### WHAT YOU NEED TO DO
Scan the records below for the line with "Your answer should be compact. 29.95." and the line with "Your response must be concise. 1.44.". Repeat those two lines and every line between them exactly, and nothing else.

### MATERIAL PROVIDED
▼

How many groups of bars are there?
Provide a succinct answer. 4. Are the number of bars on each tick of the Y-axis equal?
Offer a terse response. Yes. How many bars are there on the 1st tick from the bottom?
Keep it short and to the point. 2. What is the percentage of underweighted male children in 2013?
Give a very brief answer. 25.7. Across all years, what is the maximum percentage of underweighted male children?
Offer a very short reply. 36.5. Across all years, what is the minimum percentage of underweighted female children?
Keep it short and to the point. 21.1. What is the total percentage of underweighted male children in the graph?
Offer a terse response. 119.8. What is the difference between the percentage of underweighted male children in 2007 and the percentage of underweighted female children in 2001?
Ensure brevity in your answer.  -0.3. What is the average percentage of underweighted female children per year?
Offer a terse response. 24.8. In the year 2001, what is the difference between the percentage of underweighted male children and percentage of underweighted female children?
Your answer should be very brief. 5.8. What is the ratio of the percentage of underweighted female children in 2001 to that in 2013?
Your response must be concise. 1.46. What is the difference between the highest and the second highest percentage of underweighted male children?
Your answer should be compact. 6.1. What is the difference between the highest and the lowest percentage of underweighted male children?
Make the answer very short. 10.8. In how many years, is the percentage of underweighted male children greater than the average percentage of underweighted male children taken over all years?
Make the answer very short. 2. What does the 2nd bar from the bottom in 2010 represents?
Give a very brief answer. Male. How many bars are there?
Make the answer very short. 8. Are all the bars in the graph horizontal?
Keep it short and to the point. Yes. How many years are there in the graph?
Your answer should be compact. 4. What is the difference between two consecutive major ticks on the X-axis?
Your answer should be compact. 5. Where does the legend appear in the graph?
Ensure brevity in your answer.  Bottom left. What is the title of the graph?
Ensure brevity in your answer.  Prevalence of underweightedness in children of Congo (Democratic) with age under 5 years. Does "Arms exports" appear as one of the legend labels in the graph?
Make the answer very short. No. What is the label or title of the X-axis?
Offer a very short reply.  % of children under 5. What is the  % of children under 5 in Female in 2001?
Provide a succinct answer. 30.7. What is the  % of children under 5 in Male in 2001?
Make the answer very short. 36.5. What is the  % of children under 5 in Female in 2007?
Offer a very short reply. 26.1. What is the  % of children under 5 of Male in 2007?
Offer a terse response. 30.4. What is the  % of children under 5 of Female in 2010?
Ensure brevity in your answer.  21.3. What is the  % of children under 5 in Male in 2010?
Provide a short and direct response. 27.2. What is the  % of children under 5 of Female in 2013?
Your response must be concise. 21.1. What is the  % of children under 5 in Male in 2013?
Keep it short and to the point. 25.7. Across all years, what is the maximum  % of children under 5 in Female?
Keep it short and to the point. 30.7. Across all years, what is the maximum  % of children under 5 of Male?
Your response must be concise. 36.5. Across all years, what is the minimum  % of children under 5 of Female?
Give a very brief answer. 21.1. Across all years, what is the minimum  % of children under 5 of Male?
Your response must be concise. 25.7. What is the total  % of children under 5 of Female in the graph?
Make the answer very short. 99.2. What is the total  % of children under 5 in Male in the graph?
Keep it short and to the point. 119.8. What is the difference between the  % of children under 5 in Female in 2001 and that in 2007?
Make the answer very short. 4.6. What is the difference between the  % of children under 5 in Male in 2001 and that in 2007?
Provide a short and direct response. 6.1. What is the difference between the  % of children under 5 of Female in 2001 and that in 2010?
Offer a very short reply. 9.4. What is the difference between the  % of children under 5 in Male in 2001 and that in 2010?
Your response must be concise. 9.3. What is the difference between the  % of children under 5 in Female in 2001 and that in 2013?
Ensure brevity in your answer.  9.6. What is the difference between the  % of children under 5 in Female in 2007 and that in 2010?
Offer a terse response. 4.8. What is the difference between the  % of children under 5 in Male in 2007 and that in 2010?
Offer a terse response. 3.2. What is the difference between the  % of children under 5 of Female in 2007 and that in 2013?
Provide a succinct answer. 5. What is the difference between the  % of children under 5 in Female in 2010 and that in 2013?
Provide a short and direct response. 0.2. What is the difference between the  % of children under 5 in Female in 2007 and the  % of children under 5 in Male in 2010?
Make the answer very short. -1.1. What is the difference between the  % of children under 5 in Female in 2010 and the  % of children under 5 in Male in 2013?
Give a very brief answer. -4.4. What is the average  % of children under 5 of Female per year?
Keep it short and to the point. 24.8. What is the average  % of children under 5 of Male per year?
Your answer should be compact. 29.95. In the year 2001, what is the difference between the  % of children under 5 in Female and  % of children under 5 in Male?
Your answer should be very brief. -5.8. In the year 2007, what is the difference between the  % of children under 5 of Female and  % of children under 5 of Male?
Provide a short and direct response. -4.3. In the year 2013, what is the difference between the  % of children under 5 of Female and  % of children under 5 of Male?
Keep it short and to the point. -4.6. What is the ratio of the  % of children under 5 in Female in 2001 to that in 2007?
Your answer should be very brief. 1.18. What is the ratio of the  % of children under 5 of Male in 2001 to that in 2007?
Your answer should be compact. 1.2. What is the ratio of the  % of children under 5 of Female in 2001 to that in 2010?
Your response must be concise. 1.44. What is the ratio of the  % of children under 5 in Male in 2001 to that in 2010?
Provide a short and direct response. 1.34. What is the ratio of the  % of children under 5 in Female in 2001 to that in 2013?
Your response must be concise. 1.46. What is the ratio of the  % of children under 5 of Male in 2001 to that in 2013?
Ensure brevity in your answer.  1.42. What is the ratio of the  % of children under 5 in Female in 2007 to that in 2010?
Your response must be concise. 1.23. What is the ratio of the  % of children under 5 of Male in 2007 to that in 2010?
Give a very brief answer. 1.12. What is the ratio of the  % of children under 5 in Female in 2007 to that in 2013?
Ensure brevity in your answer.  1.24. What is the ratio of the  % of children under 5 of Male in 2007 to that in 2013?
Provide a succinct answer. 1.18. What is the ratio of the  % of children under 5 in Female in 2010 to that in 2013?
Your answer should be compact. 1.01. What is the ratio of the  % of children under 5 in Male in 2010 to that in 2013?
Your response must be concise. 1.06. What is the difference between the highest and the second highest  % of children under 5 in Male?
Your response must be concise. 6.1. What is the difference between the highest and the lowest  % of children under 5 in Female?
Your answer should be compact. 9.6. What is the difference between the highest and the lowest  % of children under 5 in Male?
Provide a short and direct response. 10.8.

▲

### EXERCISE RESULT
Your answer should be compact. 29.95. In the year 2001, what is the difference between the  % of children under 5 in Female and  % of children under 5 in Male?
Your answer should be very brief. -5.8. In the year 2007, what is the difference between the  % of children under 5 of Female and  % of children under 5 of Male?
Provide a short and direct response. -4.3. In the year 2013, what is the difference between the  % of children under 5 of Female and  % of children under 5 of Male?
Keep it short and to the point. -4.6. What is the ratio of the  % of children under 5 in Female in 2001 to that in 2007?
Your answer should be very brief. 1.18. What is the ratio of the  % of children under 5 of Male in 2001 to that in 2007?
Your answer should be compact. 1.2. What is the ratio of the  % of children under 5 of Female in 2001 to that in 2010?
Your response must be concise. 1.44. What is the ratio of the  % of children under 5 in Male in 2001 to that in 2010?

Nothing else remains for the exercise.